WHAT TO WORK ON: Using the records below, write out again exactly the lines that begin at the line containing "Your response must be concise. -0.84." and end at the line containing "Your response must be concise. -2.67.", and no other lines.
╭─ PROVIDED ENTRIES
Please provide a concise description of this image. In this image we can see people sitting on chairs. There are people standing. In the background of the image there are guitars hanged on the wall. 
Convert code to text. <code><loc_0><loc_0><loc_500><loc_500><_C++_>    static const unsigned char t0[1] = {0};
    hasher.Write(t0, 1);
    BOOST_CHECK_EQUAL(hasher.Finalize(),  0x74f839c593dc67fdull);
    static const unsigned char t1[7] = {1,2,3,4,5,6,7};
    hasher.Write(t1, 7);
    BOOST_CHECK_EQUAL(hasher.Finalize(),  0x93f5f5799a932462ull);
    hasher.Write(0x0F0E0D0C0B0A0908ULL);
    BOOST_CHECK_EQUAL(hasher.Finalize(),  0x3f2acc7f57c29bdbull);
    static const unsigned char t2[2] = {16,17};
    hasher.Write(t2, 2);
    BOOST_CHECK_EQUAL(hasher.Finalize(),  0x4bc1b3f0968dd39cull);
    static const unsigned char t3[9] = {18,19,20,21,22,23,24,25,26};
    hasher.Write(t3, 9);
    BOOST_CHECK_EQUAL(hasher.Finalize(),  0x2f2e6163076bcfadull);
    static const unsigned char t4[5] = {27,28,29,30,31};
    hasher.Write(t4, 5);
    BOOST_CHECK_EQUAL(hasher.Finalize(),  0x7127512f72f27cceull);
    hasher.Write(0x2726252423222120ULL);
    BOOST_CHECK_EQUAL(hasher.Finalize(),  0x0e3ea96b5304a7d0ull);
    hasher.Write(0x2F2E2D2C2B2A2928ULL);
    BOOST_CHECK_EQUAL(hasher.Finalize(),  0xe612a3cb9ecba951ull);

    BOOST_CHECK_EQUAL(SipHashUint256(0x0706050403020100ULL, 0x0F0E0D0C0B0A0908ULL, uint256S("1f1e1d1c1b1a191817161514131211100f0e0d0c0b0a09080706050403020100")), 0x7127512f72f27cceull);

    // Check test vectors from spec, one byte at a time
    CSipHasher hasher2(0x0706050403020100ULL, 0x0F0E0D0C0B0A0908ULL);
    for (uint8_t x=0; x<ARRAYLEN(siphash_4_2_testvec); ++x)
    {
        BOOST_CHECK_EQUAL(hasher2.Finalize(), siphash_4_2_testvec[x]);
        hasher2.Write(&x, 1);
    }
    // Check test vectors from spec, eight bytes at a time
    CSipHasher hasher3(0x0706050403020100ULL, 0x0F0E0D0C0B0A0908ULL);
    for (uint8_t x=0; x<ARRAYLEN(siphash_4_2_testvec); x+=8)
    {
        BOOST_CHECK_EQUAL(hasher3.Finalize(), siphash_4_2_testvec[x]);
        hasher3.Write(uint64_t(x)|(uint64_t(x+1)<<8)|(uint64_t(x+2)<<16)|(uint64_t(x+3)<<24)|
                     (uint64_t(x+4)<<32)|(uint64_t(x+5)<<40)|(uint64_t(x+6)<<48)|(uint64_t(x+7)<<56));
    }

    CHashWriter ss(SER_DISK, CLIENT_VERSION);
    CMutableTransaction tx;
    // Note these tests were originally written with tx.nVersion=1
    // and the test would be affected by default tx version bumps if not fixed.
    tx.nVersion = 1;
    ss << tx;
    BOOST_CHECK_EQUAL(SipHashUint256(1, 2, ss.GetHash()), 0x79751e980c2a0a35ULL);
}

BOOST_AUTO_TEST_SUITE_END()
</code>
╰─
╭─ PROVIDED ENTRIES
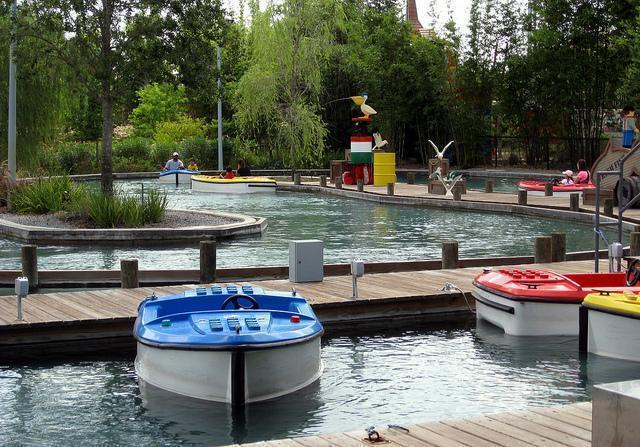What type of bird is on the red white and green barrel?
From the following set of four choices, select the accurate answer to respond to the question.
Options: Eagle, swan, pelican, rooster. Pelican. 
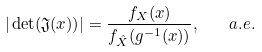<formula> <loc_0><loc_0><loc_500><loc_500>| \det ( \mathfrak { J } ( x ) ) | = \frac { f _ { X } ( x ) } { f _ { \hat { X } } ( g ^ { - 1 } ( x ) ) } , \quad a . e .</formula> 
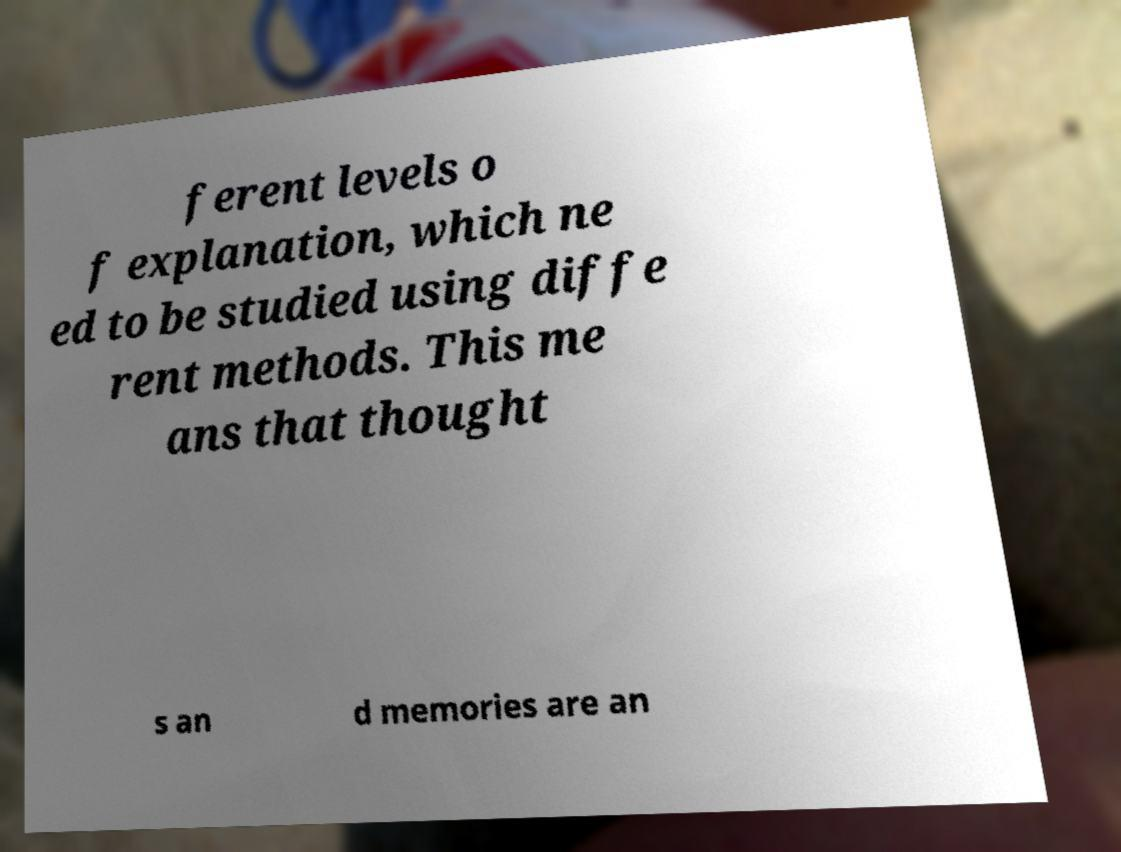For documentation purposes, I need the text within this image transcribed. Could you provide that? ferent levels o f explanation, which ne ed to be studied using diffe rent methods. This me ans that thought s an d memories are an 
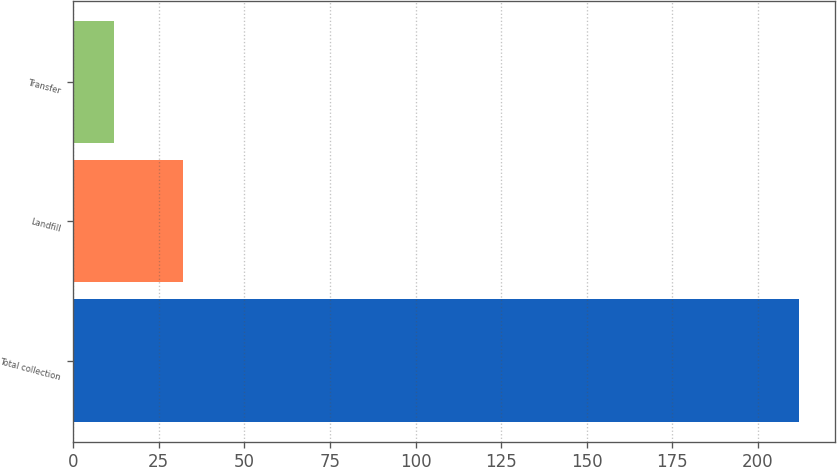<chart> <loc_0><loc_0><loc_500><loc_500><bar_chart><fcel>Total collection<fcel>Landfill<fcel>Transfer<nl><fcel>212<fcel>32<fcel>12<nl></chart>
╰─
╭─ PROVIDED ENTRIES
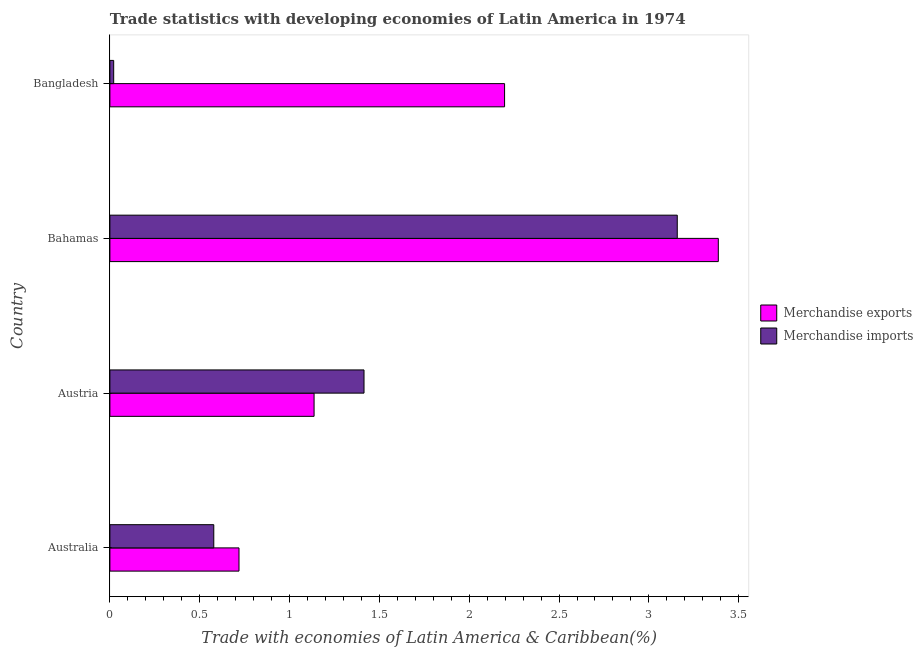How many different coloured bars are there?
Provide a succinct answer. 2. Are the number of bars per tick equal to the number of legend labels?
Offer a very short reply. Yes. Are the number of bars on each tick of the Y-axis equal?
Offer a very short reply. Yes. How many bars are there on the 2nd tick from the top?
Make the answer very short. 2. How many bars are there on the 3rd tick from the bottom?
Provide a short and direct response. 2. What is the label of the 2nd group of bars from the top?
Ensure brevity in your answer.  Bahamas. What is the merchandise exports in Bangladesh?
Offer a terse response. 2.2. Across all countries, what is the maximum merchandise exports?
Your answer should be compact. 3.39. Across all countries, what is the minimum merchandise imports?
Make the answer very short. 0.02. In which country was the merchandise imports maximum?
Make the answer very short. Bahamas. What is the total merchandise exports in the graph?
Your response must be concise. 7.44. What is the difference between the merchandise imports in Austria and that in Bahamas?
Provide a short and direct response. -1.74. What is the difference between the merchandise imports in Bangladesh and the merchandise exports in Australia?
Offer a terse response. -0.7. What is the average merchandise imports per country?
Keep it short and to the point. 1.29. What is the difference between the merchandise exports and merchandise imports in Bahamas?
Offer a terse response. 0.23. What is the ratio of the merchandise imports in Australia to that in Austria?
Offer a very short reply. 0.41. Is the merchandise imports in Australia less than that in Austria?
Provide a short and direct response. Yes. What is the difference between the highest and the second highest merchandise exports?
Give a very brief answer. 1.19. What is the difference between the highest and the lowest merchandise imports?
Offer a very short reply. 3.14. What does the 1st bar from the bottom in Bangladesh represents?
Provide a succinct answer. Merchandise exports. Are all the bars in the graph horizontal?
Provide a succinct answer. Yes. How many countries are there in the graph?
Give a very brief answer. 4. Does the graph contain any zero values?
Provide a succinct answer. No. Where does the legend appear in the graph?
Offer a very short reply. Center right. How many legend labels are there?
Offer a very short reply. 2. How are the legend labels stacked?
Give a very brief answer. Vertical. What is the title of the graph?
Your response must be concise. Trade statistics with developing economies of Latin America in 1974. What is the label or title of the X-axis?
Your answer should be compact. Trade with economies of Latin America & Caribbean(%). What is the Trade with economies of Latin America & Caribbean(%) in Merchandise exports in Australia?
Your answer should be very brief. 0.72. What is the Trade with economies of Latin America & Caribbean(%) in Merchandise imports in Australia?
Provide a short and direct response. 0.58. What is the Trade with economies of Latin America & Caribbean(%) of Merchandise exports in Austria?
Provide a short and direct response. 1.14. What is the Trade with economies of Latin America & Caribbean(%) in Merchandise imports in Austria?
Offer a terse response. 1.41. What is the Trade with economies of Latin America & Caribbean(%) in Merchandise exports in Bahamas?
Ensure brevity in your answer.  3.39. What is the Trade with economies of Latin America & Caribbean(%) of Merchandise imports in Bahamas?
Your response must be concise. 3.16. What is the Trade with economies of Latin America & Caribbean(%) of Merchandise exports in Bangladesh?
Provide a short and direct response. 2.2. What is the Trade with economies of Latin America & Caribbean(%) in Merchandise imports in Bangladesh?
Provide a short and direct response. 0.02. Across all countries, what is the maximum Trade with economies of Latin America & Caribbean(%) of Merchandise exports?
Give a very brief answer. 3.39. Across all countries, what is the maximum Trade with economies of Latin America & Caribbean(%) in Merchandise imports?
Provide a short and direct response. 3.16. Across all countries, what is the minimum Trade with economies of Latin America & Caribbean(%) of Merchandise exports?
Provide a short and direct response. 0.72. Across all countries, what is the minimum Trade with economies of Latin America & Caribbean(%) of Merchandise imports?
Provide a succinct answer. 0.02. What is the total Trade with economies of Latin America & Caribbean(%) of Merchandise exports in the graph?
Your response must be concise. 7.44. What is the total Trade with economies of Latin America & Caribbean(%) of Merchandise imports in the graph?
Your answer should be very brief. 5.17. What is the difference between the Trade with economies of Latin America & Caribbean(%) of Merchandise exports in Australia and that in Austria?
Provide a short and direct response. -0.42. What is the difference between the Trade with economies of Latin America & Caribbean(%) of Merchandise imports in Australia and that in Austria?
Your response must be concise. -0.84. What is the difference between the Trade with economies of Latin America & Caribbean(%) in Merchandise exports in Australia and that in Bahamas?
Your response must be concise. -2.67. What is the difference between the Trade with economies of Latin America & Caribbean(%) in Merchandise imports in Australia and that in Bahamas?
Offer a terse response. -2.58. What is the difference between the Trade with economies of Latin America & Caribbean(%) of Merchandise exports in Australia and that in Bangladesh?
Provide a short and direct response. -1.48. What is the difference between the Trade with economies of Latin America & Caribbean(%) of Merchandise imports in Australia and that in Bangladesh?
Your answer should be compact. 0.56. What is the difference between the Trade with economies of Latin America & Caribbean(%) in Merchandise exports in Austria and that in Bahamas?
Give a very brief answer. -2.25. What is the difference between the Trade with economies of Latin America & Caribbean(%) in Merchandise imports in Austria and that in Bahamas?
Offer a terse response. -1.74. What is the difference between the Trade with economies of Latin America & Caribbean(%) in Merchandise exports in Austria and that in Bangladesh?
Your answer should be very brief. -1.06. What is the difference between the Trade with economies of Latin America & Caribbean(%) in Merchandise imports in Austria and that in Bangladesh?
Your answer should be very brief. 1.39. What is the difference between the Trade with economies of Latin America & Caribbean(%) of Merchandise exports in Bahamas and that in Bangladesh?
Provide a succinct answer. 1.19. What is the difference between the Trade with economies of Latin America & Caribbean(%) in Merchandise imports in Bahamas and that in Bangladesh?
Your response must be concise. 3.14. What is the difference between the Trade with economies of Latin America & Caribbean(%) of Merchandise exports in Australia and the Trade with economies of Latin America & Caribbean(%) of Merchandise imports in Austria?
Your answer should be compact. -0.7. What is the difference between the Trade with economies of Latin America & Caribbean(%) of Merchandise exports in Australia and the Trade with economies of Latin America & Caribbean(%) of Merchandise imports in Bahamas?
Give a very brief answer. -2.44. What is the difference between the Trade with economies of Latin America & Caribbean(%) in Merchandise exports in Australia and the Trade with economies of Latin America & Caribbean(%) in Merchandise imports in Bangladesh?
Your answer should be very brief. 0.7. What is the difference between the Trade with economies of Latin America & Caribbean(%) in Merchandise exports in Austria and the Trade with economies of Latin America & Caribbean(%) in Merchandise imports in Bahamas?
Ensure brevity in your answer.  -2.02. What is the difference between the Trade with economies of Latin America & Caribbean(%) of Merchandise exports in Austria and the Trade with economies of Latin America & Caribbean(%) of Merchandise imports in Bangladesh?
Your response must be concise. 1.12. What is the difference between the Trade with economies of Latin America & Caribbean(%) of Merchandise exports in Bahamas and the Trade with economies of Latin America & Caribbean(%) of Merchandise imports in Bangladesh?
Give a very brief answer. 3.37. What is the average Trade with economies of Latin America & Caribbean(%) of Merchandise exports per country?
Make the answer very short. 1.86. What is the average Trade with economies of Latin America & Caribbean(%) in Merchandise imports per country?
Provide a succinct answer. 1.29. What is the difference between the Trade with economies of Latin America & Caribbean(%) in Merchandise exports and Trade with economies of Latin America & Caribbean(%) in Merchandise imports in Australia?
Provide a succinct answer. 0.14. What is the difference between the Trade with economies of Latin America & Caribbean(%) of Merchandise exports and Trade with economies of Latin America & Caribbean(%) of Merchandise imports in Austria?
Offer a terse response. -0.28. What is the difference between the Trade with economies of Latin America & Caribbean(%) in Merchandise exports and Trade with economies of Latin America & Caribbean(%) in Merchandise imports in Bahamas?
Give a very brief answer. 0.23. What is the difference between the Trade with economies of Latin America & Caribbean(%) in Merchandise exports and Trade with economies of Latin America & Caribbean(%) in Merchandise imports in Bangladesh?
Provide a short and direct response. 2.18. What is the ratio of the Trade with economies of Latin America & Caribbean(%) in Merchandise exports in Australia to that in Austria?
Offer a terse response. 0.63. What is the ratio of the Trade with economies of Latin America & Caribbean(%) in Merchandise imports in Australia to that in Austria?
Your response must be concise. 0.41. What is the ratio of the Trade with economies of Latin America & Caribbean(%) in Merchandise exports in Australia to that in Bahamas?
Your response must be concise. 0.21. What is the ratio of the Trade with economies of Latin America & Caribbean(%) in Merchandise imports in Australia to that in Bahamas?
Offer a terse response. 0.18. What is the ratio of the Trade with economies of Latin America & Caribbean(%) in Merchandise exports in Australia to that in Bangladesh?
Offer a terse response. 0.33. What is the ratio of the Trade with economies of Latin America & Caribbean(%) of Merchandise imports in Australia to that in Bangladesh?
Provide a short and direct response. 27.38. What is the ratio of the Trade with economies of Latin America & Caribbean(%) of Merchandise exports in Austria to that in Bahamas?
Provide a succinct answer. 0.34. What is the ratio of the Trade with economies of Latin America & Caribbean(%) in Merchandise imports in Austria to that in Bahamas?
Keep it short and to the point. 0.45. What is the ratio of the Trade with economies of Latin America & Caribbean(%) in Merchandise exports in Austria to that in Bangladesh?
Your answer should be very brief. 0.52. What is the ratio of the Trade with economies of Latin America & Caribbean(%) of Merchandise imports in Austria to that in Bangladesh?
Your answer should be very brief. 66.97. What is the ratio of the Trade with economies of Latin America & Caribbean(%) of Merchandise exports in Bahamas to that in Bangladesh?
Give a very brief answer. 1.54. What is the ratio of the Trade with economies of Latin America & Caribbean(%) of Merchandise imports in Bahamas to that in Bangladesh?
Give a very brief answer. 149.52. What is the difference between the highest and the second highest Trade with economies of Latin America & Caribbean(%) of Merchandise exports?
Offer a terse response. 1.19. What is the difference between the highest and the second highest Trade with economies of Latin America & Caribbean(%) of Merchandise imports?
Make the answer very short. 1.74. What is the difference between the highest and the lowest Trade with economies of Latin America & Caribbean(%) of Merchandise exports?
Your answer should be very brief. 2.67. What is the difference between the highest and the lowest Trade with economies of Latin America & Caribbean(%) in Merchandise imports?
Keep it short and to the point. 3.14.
╰─
REPLY:
Your response must be concise. -0.84. What is the difference between the Trade with economies of Latin America & Caribbean(%) in Merchandise exports in Australia and that in Bahamas?
Your response must be concise. -2.67. What is the difference between the Trade with economies of Latin America & Caribbean(%) in Merchandise imports in Australia and that in Bahamas?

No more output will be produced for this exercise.